Methods for making inferences about differences between models

# S3 method for resamples
diff(x, models = x$models, metric = x$metrics,
  test = t.test, confLevel = 0.95, adjustment = "bonferroni", ...)

# S3 method for diff.resamples
summary(object, digits = max(3,
  getOption("digits") - 3), ...)

compare_models(a, b, metric = a$metric[1])

Arguments

x

an object generated by resamples

models

a character string for which models to compare

metric

a character string for which metrics to compare

test

a function to compute differences. The output of this function should have scalar outputs called estimate and p.value

confLevel

confidence level to use for dotplot.diff.resamples.
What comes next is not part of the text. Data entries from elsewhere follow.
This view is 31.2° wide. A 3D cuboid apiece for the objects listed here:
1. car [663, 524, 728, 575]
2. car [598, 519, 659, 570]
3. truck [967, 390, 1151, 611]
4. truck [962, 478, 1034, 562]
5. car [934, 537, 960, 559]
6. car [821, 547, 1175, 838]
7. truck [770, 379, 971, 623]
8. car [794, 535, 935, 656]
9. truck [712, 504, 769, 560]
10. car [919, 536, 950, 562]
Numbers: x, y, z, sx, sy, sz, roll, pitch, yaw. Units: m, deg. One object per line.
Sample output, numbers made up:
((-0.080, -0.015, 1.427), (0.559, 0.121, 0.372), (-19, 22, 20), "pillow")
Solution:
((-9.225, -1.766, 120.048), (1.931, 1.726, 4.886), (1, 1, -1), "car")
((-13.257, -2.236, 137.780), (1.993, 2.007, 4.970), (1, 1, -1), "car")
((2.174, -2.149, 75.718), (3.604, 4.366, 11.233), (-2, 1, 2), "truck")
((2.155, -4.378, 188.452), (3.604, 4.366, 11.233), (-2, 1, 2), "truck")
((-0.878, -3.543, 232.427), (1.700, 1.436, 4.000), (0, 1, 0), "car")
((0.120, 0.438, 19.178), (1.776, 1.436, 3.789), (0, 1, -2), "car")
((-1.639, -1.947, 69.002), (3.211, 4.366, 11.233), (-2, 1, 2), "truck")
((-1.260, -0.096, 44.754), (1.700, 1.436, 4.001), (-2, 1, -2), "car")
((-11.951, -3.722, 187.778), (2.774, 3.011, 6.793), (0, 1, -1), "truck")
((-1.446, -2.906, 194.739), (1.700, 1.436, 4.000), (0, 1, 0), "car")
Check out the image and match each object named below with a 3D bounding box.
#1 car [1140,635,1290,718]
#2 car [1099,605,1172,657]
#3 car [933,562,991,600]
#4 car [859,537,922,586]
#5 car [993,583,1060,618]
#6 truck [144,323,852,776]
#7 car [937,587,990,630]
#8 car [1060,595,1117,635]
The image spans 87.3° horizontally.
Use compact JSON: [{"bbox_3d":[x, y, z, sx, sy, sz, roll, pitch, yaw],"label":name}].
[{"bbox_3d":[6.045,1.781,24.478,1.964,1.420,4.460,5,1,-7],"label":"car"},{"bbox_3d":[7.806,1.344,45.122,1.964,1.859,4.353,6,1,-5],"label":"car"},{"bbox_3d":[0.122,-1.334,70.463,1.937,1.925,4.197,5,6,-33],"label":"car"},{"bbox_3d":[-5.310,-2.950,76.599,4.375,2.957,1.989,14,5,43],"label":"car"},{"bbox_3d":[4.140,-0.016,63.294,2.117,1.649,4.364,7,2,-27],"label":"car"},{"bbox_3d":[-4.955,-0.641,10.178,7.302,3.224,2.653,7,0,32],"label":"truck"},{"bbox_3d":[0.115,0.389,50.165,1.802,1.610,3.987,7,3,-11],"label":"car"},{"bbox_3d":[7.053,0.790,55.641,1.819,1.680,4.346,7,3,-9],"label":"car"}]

See Details below.

adjustment

any p-value adjustment method to pass to p.adjust.

...

further arguments to pass to test

object

a object generated by diff.resamples

digits

the number of significant differences to display when printing

a, b

two objects of class train, sbf or rfe with a common set of resampling indices in the control object.

Value

An object of class "diff.resamples" with elements:

call

the call

difs

a list for each metric being compared. Each list contains a matrix with differences in columns and resamples in rows

statistics

a list of results generated by test

adjustment

the p-value adjustment used

models

a character string for which models were compared.

metrics

a character string of performance metrics that were used

or... An object of class "summary.diff.resamples" with elements:
call

the call

table

a list of tables that show the differences and p-values

...or (for compare_models) an object of class htest resulting from t.test.

Details

The ideas and methods here are based on Hothorn et al. (2005) and Eugster et al. (2008).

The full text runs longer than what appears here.